NOTE: This post was written by Chelsey Simpson, who is the membership and communications associate for the National Farm to School Network and an advocate for local food systems and community gardening.
Do you remember when you first discovered the magic of seeds–endosperms and embryos, a tiny beansprout uncurling on your classroom’s windowsill? You can share that magic by volunteering for a school garden, even if that means starting one from scratch. School gardens bring science to life every day, feeding kids’ natural curiosityand connecting them to their food in a deeper, more meaningful way. Studies show that students who are exposed to gardens and other Farm to School activities are more likely to make healthy food choices and try new foods.
Schools present special challenges for new and experienced gardeners alike. Working around summer vacation, creating relevant teaching opportunities and selecting low-maintenance plants are all important considerations in school garden projects. There are no wrong answers–and a lot depends on your climate and soil conditions–but some plants fit the needs of school gardens better than others. Here are five of our favorites.
Radishes are fast. Some varieties are ready to eat just three weeks after the seeds are sown, making them a satisfying first plant for beginners. Radishes are also easy to harvest, and kids will have fun pulling the whole plant out of the ground while learning about root systems. Like all of the plants on this list, they are easy to eat raw. Their sharp flavor can be toned down by grating them into a slaw or pairing them with a dipping sauce.

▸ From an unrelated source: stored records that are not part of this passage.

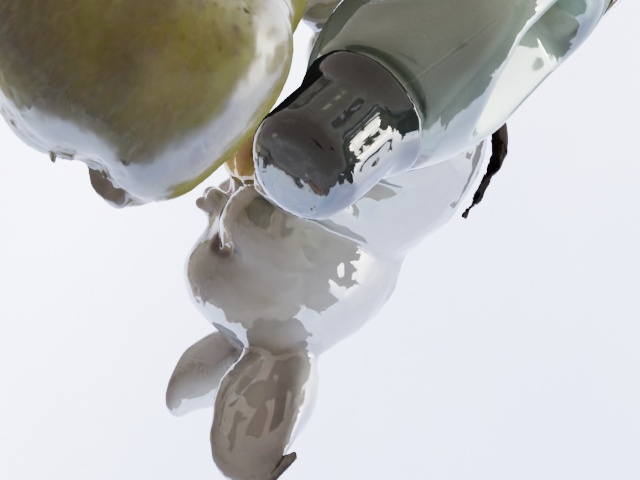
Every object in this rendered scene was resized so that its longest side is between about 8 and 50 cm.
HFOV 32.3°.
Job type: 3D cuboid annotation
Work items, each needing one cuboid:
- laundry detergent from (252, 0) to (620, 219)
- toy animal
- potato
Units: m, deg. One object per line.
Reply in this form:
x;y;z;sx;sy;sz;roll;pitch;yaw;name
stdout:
0.054;-0.080;0.391;0.099;0.070;0.226;-19;-161;48;laundry detergent
-0.001;-0.005;0.741;0.208;0.154;0.325;26;-81;65;toy animal
-0.103;-0.193;0.598;0.202;0.218;0.351;179;-86;-70;potato
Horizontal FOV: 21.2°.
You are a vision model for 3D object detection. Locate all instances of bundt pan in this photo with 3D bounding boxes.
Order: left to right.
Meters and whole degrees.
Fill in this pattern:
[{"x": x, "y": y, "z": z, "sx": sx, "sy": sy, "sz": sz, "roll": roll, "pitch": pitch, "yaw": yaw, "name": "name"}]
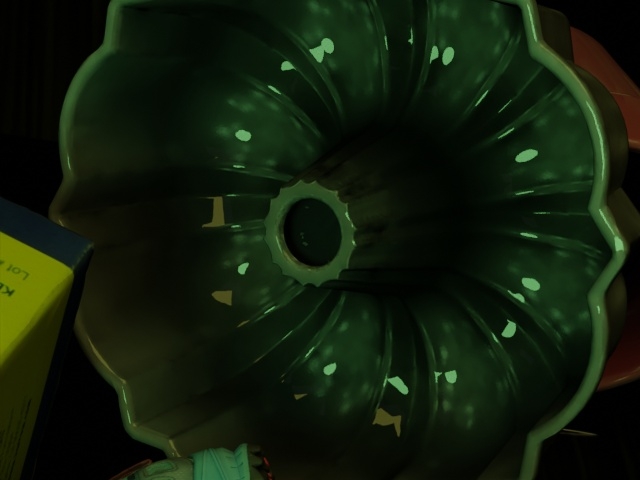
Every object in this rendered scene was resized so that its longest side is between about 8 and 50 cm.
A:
[{"x": 0.024, "y": -0.013, "z": 0.903, "sx": 0.331, "sy": 0.331, "sz": 0.124, "roll": 38, "pitch": 25, "yaw": 20, "name": "bundt pan"}]

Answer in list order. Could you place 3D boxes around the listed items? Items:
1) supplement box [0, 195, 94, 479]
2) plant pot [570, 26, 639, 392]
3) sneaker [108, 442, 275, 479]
[{"x": -0.269, "y": 0.121, "z": 0.693, "sx": 0.194, "sy": 0.195, "sz": 0.356, "roll": 26, "pitch": 38, "yaw": 6, "name": "supplement box"}, {"x": 0.140, "y": -0.034, "z": 1.058, "sx": 0.201, "sy": 0.201, "sz": 0.180, "roll": 9, "pitch": 38, "yaw": -14, "name": "plant pot"}, {"x": -0.079, "y": 0.217, "z": 0.770, "sx": 0.125, "sy": 0.104, "sz": 0.262, "roll": -7, "pitch": 46, "yaw": 11, "name": "sneaker"}]

Many greens and lettuce varieties work well in school gardens because they are less frost-sensitive and can be planted in the spring and fall. Rainbow chard is an especially nice choice because a single seed pack will yield a neon display in shades of yellow, pink, green and orange. It is also very hearty and will continue to produce through the summer and fall if it is harvested regularly. The seeds are relatively large, making them easy for small fingers to handle. Mature leaves usually taste best sautéed, but small, young leaves are good in a salad.
All photos courtesy of Stock.XCHNG.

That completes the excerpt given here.